Statistics has its specifics. Even I, with my extensive experience in Math, made quite a few discoveries for myself while studying Stats. Textbook authors, in their attempts to make exposition accessible, often replace the true statistical ideas by after-the-fact intuition or formulas by their verbal description. See, for example, the z score.

Using TI-83+ and TI-84 graphing calculators is like using a Tesla electric car in conjunction with candles for generating electricity. The sole purpose of these calculators is to prevent cheating. The inclination for cheating is a sign of low understanding and the best proof that the College Board strategy is wrong.

When we format a document in Word, we don’t care how formatting is implemented technically and we don’t need to know anything about programming. Looks like the same attitude is imparted to students of Stats. Few people notice a big difference. When we format a document, we have an idea of what we want and test the result against that idea. In Stats, the idea has to be translated to a formula, and the software output has to be translated into a formula for interpretation.

I understand that, for the majority of Stats students, the amount of algebra I use in some of my posts is not accessible. However, the opposite tendency of telling students that they don’t need to remember any formulas is unproductive. It’s only by memorizing and reproducing equations that they can augment their algebraic proficiency. Stats is largely a mental science. To improve mental activity, you have to engage in one.

**Suggestion**. Instead of “this course is non-calculus-based”, say: the course develops the ability to interpret equations and translate ideas to formulas.

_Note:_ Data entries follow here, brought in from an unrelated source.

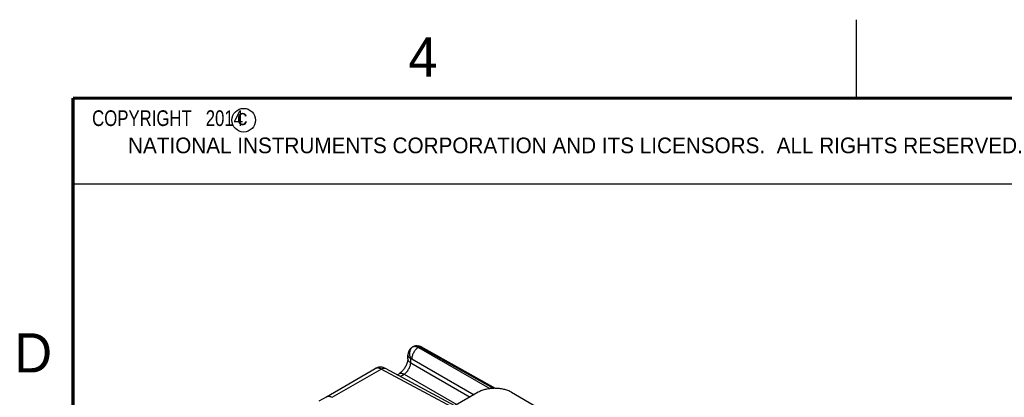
# Model space of a CAD drawing. Header units: inches. Extents: x 0 to 22, y 0 to 17.
# Tile 12 of 26: x 0.2 to 6.4, y 14.6 to 17. Entities that reach past the tile are written whole.
import ezdxf

# ---------------------------------------------------------------- set-up
doc = ezdxf.new("R2010")
doc.units = ezdxf.units.IN
doc.header["$LTSCALE"] = 1.21
doc.header["$MEASUREMENT"] = 0
doc.layers.get('0').update_dxf_attribs({"linetype": 'CONTINUOUS'})
doc.layers.add('DETAIL', color=7, linetype='CONTINUOUS')
doc.layers.add('FEATURES', color=7, linetype='CONTINUOUS')
doc.styles.get("Standard").update_dxf_attribs({"font": 'txt', "width": 0.8})
doc.styles.add('TEXTSTYLE_2', font='txt')

msp = doc.modelspace()

# ---------------------------------------------------------------- linework, layer by layer
at = {"color": 2, "linetype": 'CONTINUOUS'}
for p, q in [((5.5, 16.5), (5.5, 17)), ((0.4999, 16.5), (9.1249, 16.5)), ((0.4999, 16.5), (0.4999, 15.9531)), ((0.4999, 15.9531), (9.1249, 15.9531))]:
    msp.add_line(p, q, dxfattribs=at)
at = {"color": 7, "linetype": 'CONTINUOUS'}
for p, q in [((2.6685, 14.9132), (2.6728, 14.9157)), ((2.7049, 14.9099), (2.7094, 14.9125)), ((2.7049, 14.9099), (3.1608, 14.6467)), ((3.1831, 14.6485), (2.7094, 14.9125)), ((3.1968, 14.6486), (2.7212, 14.9137)), ((2.637, 14.8378), (2.6374, 14.8604)), ((2.6374, 14.8604), (2.6374, 14.8604)), ((2.6553, 14.8117), (2.6556, 14.8382)), ((2.6625, 14.8373), (3.0597, 14.608)), ((2.1168, 14.5947), (2.4291, 14.775)), ((2.1533, 14.5914), (2.4658, 14.7719)), ((2.431, 14.776), (2.4339, 14.7775)), ((2.4339, 14.7775), (2.434, 14.7775)), ((2.9202, 14.5275), (2.4658, 14.7719)), ((2.9374, 14.5374), (2.4949, 14.7753)), ((2.6553, 14.8117), (3.0339, 14.5931)), ((2.5696, 14.7352), (2.5812, 14.7419)), ((2.5885, 14.725), (2.6129, 14.7391)), ((2.6129, 14.7391), (2.9498, 14.5445)), ((2.0719, 14.5683), (2.1168, 14.5947))]:
    msp.add_line(p, q, dxfattribs=at)
at = {"color": 7, "linetype": 'CONTINUOUS', "const_width": 0.02}
for points in [[(0.5, 16.5), (0.5, 0.5)], [(21.5, 16.5), (0.5, 16.5)]]:
    msp.add_lwpolyline(points, dxfattribs=at)
at = {"color": 7, "linetype": 'CONTINUOUS'}
for points in [[(2.6686, 14.9132), (2.6644, 14.9106), (2.6609, 14.908), (2.6577, 14.9054), (2.6549, 14.9026), (2.6523, 14.8998), (2.6499, 14.8969), (2.6478, 14.8939), (2.6459, 14.8909), (2.6442, 14.8878), (2.6427, 14.8847), (2.6414, 14.8815), (2.6403, 14.8784), (2.6394, 14.8752), (2.6386, 14.8721), (2.6381, 14.869), (2.6377, 14.8659), (2.6374, 14.8629), (2.6374, 14.8604)], [(2.637, 14.8378), (2.637, 14.8357), (2.6367, 14.8324), (2.6363, 14.8288), (2.6356, 14.8247), (2.6346, 14.8204), (2.6335, 14.8158), (2.632, 14.8109), (2.6302, 14.806), (2.6282, 14.8009), (2.626, 14.7957), (2.6234, 14.7906), (2.6207, 14.7855), (2.6178, 14.7805), (2.6147, 14.7757), (2.6114, 14.771), (2.6081, 14.7666), (2.6046, 14.7624), (2.6012, 14.7585), (2.5978, 14.755), (2.5944, 14.7518), (2.5911, 14.7489), (2.5881, 14.7465), (2.5852, 14.7444), (2.5826, 14.7427), (2.5812, 14.7419)], [(2.4339, 14.7775), (2.4335, 14.7773), (2.4312, 14.7761), (2.4291, 14.775)], [(2.4949, 14.7753), (2.4902, 14.7776), (2.4845, 14.7799), (2.4788, 14.7816), (2.473, 14.7828), (2.4672, 14.7835), (2.4615, 14.7837), (2.4558, 14.7835), (2.4501, 14.7827), (2.4446, 14.7814), (2.4392, 14.7797), (2.434, 14.7775)]]:
    msp.add_lwpolyline(points, dxfattribs=at)
at = {"color": 2, "linetype": 'CONTINUOUS'}
msp.add_circle((1.5893, 16.359), 0.0754, dxfattribs=at)
at = {"color": 7, "linetype": 'CONTINUOUS'}
for centre, radius, start, end in [((2.6809, 14.8917), 0.0248, 115.24709, 119.70325), ((2.4421, 14.7526), 0.0259, 118.85499, 120.0048), ((2.4417, 14.7532), 0.0252, 115.28764, 118.86639)]:
    msp.add_arc(centre, radius, start, end, dxfattribs=at)
for points, knots in [([(2.6703, 14.9141), (2.6648, 14.9109), (2.6548, 14.9014), (2.6473, 14.8817), (2.6473, 14.8595), (2.6521, 14.845), (2.6556, 14.8382)], [0, 0, 0, 0, 0.226221, 0.468112, 0.728454, 1, 1, 1, 1]), ([(2.7049, 14.9099), (2.6989, 14.9066), (2.6875, 14.8972), (2.6742, 14.8793), (2.6651, 14.8589), (2.6625, 14.8443), (2.6625, 14.8373)], [0, 0, 0, 0, 0.237278, 0.498976, 0.761232, 1, 1, 1, 1]), ([(2.6703, 14.9141), (2.6727, 14.9153), (2.678, 14.9168), (2.6867, 14.9167), (2.6959, 14.9144), (2.7019, 14.9116), (2.7049, 14.9099)], [0, 0, 0, 0, 0.218926, 0.453794, 0.713005, 1, 1, 1, 1]), ([(2.6728, 14.9157), (2.6776, 14.9185), (2.6886, 14.9221), (2.7, 14.9212), (2.7055, 14.9199)], [0, 0, 0, 0, 0.499196, 1, 1, 1, 1]), ([(2.7094, 14.9125), (2.7062, 14.9143), (2.6998, 14.9172), (2.6899, 14.9194), (2.6808, 14.9191), (2.6752, 14.9171), (2.6728, 14.9157)], [0, 0, 0, 0, 0.288764, 0.547692, 0.781258, 1, 1, 1, 1]), ([(2.7055, 14.9199), (2.7068, 14.9196), (2.7123, 14.9181), (2.7175, 14.9157), (2.7212, 14.9137)], [0, 0, 0, 0, 0.246801, 1, 1, 1, 1]), ([(2.7094, 14.9125), (2.7113, 14.9136), (2.7152, 14.9152), (2.7196, 14.9146), (2.7212, 14.9137)], [0, 0, 0, 0, 0.548047, 1, 1, 1, 1]), ([(2.637, 14.8378), (2.637, 14.8354), (2.6378, 14.8304), (2.6415, 14.8233), (2.6475, 14.8169), (2.6525, 14.8134), (2.6553, 14.8117)], [0, 0, 0, 0, 0.216979, 0.449723, 0.709503, 1, 1, 1, 1]), ([(2.6374, 14.8604), (2.6373, 14.8584), (2.6382, 14.8541), (2.642, 14.8481), (2.648, 14.8426), (2.6529, 14.8396), (2.6556, 14.8382)], [0, 0, 0, 0, 0.202003, 0.428736, 0.693644, 1, 1, 1, 1]), ([(2.6556, 14.8382), (2.6566, 14.8386), (2.6591, 14.8389), (2.6614, 14.838), (2.6625, 14.8373)], [0, 0, 0, 0, 0.453042, 1, 1, 1, 1]), ([(2.4658, 14.7719), (2.4627, 14.7735), (2.4567, 14.7763), (2.4475, 14.7786), (2.4387, 14.7786), (2.4334, 14.7771), (2.431, 14.776)], [0, 0, 0, 0, 0.287109, 0.546484, 0.781388, 1, 1, 1, 1]), ([(2.4658, 14.7719), (2.4683, 14.7734), (2.4734, 14.7759), (2.4811, 14.7779), (2.4885, 14.7778), (2.493, 14.7763), (2.4949, 14.7753)], [0, 0, 0, 0, 0.288529, 0.547743, 0.781306, 1, 1, 1, 1]), ([(2.6129, 14.7391), (2.6187, 14.7426), (2.6298, 14.7522), (2.643, 14.7701), (2.6521, 14.7904), (2.655, 14.8048), (2.6553, 14.8117)], [0, 0, 0, 0, 0.236117, 0.498881, 0.762251, 1, 1, 1, 1]), ([(2.5812, 14.7419), (2.5833, 14.7431), (2.588, 14.7448), (2.596, 14.7451), (2.6045, 14.7432), (2.6101, 14.7406), (2.6129, 14.7391)], [0, 0, 0, 0, 0.21871, 0.452268, 0.711473, 1, 1, 1, 1]), ([(2.1168, 14.5947), (2.1192, 14.5961), (2.1247, 14.5981), (2.1339, 14.5984), (2.1437, 14.5962), (2.1501, 14.5932), (2.1533, 14.5914)], [0, 0, 0, 0, 0.2183, 0.451691, 0.710875, 1, 1, 1, 1])]:
    msp.add_open_spline(points, degree=3, knots=knots, dxfattribs=at)
at = {"layer": 'FEATURES', "color": 7, "linetype": 'CONTINUOUS'}
for p, q in [((3.0862, 14.6233), (2.8741, 14.5008)), ((3.2983, 14.6233), (3.7516, 14.3616))]:
    msp.add_line(p, q, dxfattribs=at)
msp.add_open_spline([(3.2983, 14.6233), (3.2948, 14.6254), (3.2873, 14.6293), (3.2755, 14.6343), (3.2629, 14.6386), (3.2496, 14.6423), (3.2358, 14.6451), (3.2215, 14.6472), (3.207, 14.6484), (3.1923, 14.6488), (3.1776, 14.6484), (3.1631, 14.6472), (3.1488, 14.6451), (3.135, 14.6423), (3.1217, 14.6386), (3.109, 14.6343), (3.0972, 14.6293), (3.0898, 14.6254), (3.0862, 14.6233)], degree=3, knots=[0, 0, 0, 0, 0.055828, 0.114184, 0.174785, 0.237353, 0.301549, 0.366993, 0.433283, 0.5, 0.566717, 0.633007, 0.698451, 0.762647, 0.825215, 0.885816, 0.944172, 1, 1, 1, 1], dxfattribs=at)

# ---------------------------------------------------------------- texts
at = {"color": 2, "linetype": 'CONTINUOUS', "attachment_point": 1, "line_spacing_factor": 0.9, "style": 'TEXTSTYLE_2'}
for s, insert, char_height, width in [('4', (2.64, 16.8869), 0.25, 0.25), ('c', (1.5463, 16.428), 0.1, 0.1), ('NATIONAL INSTRUMENTS CORPORATION AND ITS LICENSORS.  ALL RIGHTS RESERVED.', (0.851, 16.2482), 0.1, 7.3), ('D', (0.125, 15), 0.25, 0.25)]:
    msp.add_mtext(s, dxfattribs=dict(at, insert=insert, char_height=char_height, width=width))
at = {"layer": 'DETAIL', "color": 2, "linetype": 'CONTINUOUS', "insert": (0.5624, 16.4219), "char_height": 0.1, "width": 1.44, "attachment_point": 1, "line_spacing_factor": 0.9}
msp.add_mtext('  COPYRIGHT   2014', dxfattribs=at)

doc.saveas('drawing.dxf')

The way most AP Stats books are written does not give any idea as to what comes from where. When I was a bachelor student, I was looking for explanations, and I would hate reading one of today’s AP Stats textbooks. For those who think, memorizing a bunch of recipes, without seeing the logical links, is a nightmare. In some cases, the absence of logic leads to statements that are plain wrong. Just following the logical sequence will put the pieces of the puzzle together.

20

Nov 16

ANOVA: the artefact that survives because of the College Board

- The common argument in favor of using ANOVA is that "The methods introduced in this chapter [Comparing Groups: Analysis of Variance Methods] apply when a quantitative response variable has a categorical explanatory variable" (Agresti and Franklin, p. 680). However, categorical explanatory variables can be replaced by indicator (dummy) variables, and then regression methods can be used to study dependences involving categorical variables. On p. 695, the authors admit that "ANOVA can be presented as a special case of multiple regression".
- In terms of knowledge of basic statistical ideas (hypothesis testing, F statistics, significance level), ANOVA doesn't add any value. Those, who have mastered these basic ideas, will not have problems learning ANOVA at their workplace if they have to. There is no need to burden everybody with this stuff "just in case".
- The explanation of ANOVA is accompanied with definitions of the within-groups variance estimate and between-groups variance estimate (Agresti and Franklin, p. 686). Even in my courses, where I give a lot of algebra, the students don't get them unless they do a couple of theoretical exercises. At the AP Stats level, the usefulness of these definitions is nil.
- The requirement to remember how the F statistics and degrees of freedom are calculated, for the purpose of being able to interpret just one table with output from a statistical package, doesn't make sense. In my book, I have a whole chapter on ANOVA, with most derivations, and I don't remember a thing. Why torture the students?
- In the 90 years since R. Fisher has invented ANOVA, many other, more precise and versatile, statistical methods have been developed.

There are two suggestions

1) Explain just the intuition and then jump to the interpretation of output, indicating the statistic to look at, as in Table 14.14.

2) The theory of ANOVA is useful for two reasons: there is a lot of manipulation with summation signs and there is a link to regressions. Learning all this may be the only justification to study ANOVA with definitions. In my classes, this takes 6 hours.